Apperception is the cosmic consciousness of the Oversoul I AM, Christ consciousness. Apperception, when treated as "apperceptive mass," may be considered as "intuitive knowing," the ability to perceive and understand a thing as it happens without prior knowledge of it. In Immanuel Kant's philosophy, apperception is a priori knowledge, dependent on prior experience. We call this "soul knowing."

Our definition of apperception differs from that used in psychology; on the Via Christa, apperception is not of the self but is a soul faculty, a virtue, which is rooted in the principle of nonresistance. Apperception is synthesized of all indrawn or sublimated physical senses, mental faculties and soul faculties. Apperception is classed as also a law of being, and a law of doing.






Edna Lister on Apperception

Soul uses the faculty of apperception. Mind uses the pictures of imagination colored by emotion. The body uses the five senses, seeing, hearing, smelling, tasting and feeling. Seeing is seeing pictures in the mind's eye, which may be perfect or imperfect. Hearing and smelling also may be perfect or imperfect. As one wag said, "Things smell when your nose is in the other fellow's business." The things of Spirit have a fragrance, but things of earth have an odor.

Of the sense of taste people say, "It's sweet as honey in your mouth. It was a taste of luxury. It has a taste of the farm." When you taste of the kingdom of heaven, you eat the words of God, which are sweet to the mouth. Everyone speaks of "feeling," but generally only to describe the thrills or pain of earth. Few people mention feeling the ecstasy of heaven.

You must eventually synthesize all the lower senses into the one great faculty of apperception. Yet before you can do this, you reach a drab place in consciousness, which we call the desert, and we call the time you spend there "the burning sands of the desert". Most people look grim while they traverse the desert, but you can and must choose to smile. – Edna Lister, Paradise, January 11, 1935.


Spiritual seeing is superconscious apperception, a faculty above and beyond physical sight. Soul vision progresses from perception to intuition and apperception. – Edna Lister, The Single Vision, January 30, 1935.


In the Parable of the Ten Virgins (Matthew 25:1-13), five had their lamps trimmed and filled with the oil of spirit; the other five hadn't learned, so they inducted from the outer world. Apperception is using the optic thalamus as an invisible eye; you turn the whole process of induction inward and upward though mental and spiritual faculties instead of the physical senses. You no longer ooze energy after you stop inducting from the physical senses. Thus, you can have absolute physical strength without weakness. – Edna Lister, July 19, 1951.


Your five senses are your radar beams, rays of sensitivity that become a belt-like radar screen around the waist.

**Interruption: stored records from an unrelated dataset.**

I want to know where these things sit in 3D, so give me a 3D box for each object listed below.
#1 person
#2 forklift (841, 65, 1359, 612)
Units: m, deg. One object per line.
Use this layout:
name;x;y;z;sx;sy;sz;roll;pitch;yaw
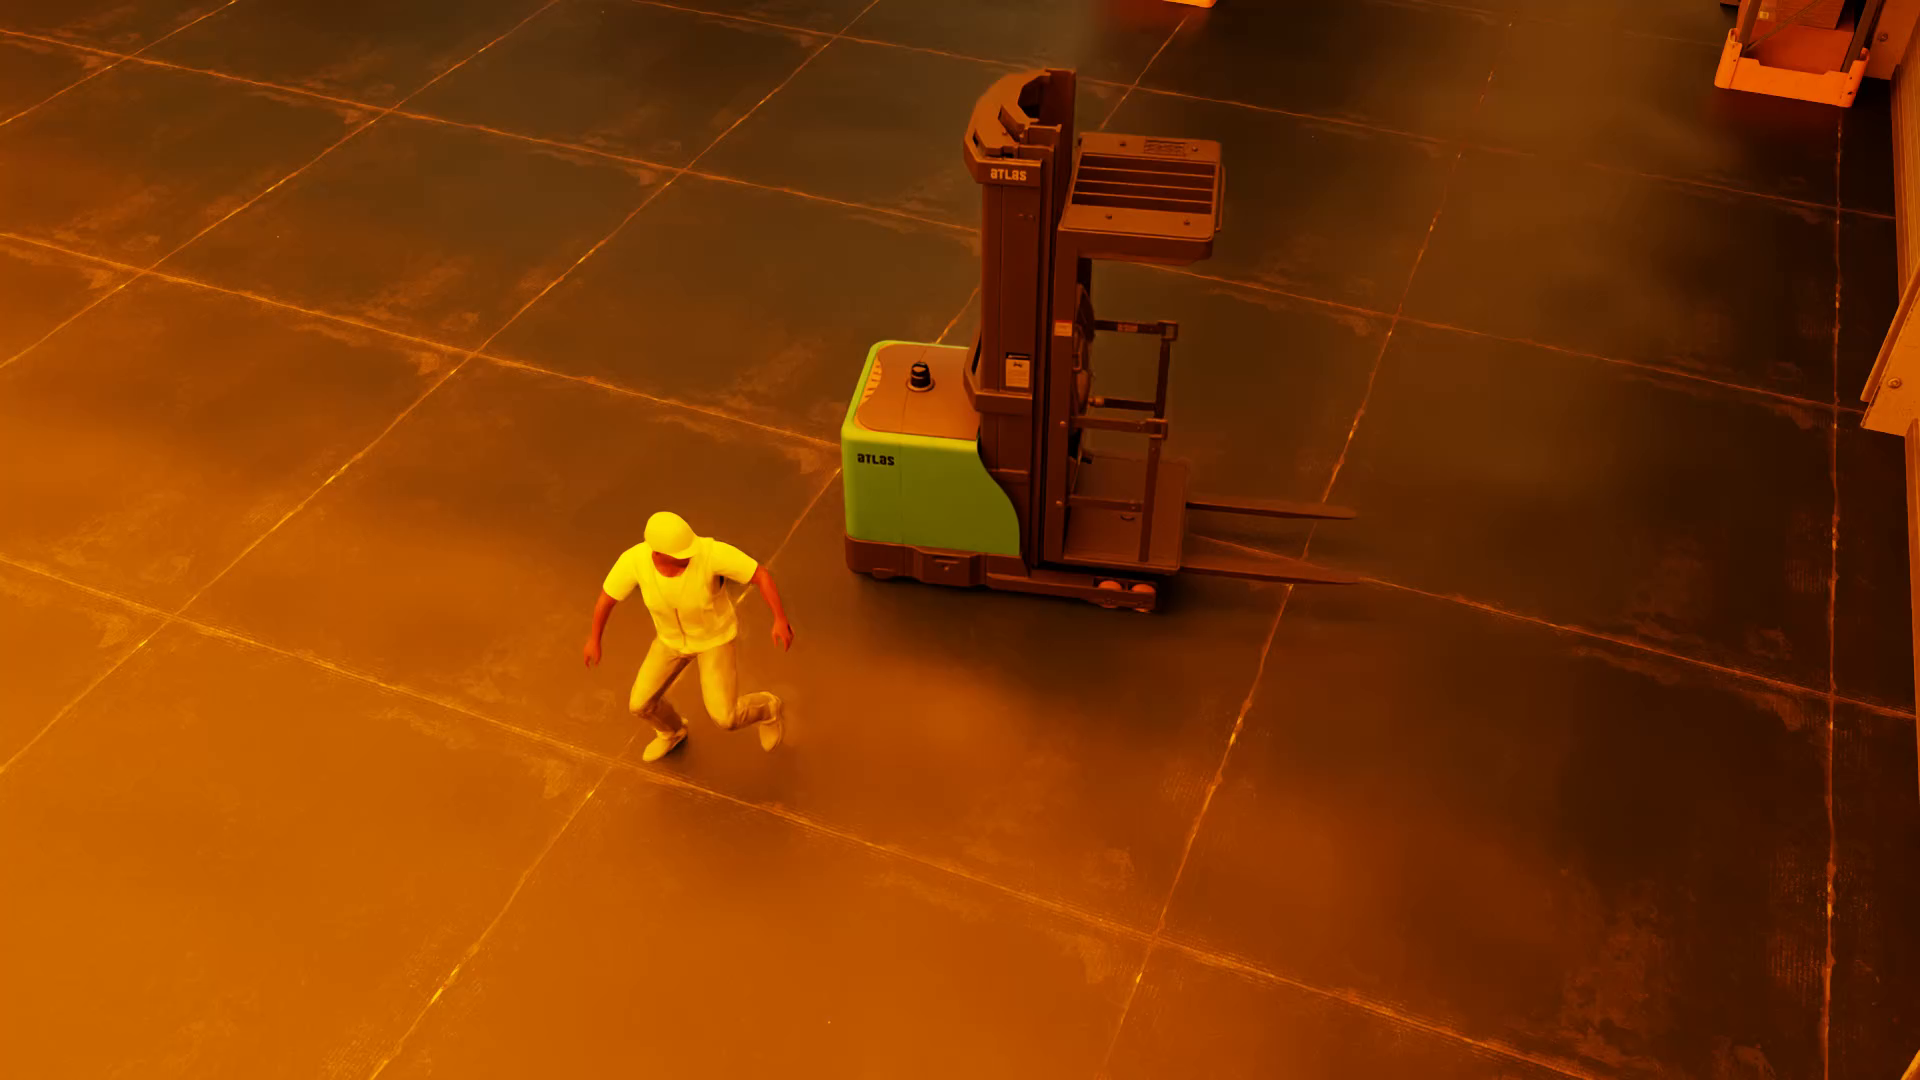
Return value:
person;-1.385;0.502;8.443;1.039;1.646;0.524;10;41;12
forklift;0.873;-1.069;9.283;3.031;2.935;1.130;6;40;7

The whole process of entering the silence to pray is to enter your "closet" and close the door — "But thou, when thou prayest, enter into thy closet, and when thou hast shut thy door, pray to thy Father which is in secret; and thy Father which seeth in secret shall reward thee openly." – Matthew 6:6 — which means that you draw in the five ordinary senses, but not your five-pointed radar screen. Personality is what the world sees of the soul. The closer you get to God, the more radiant our personality, until it is a vivid glow.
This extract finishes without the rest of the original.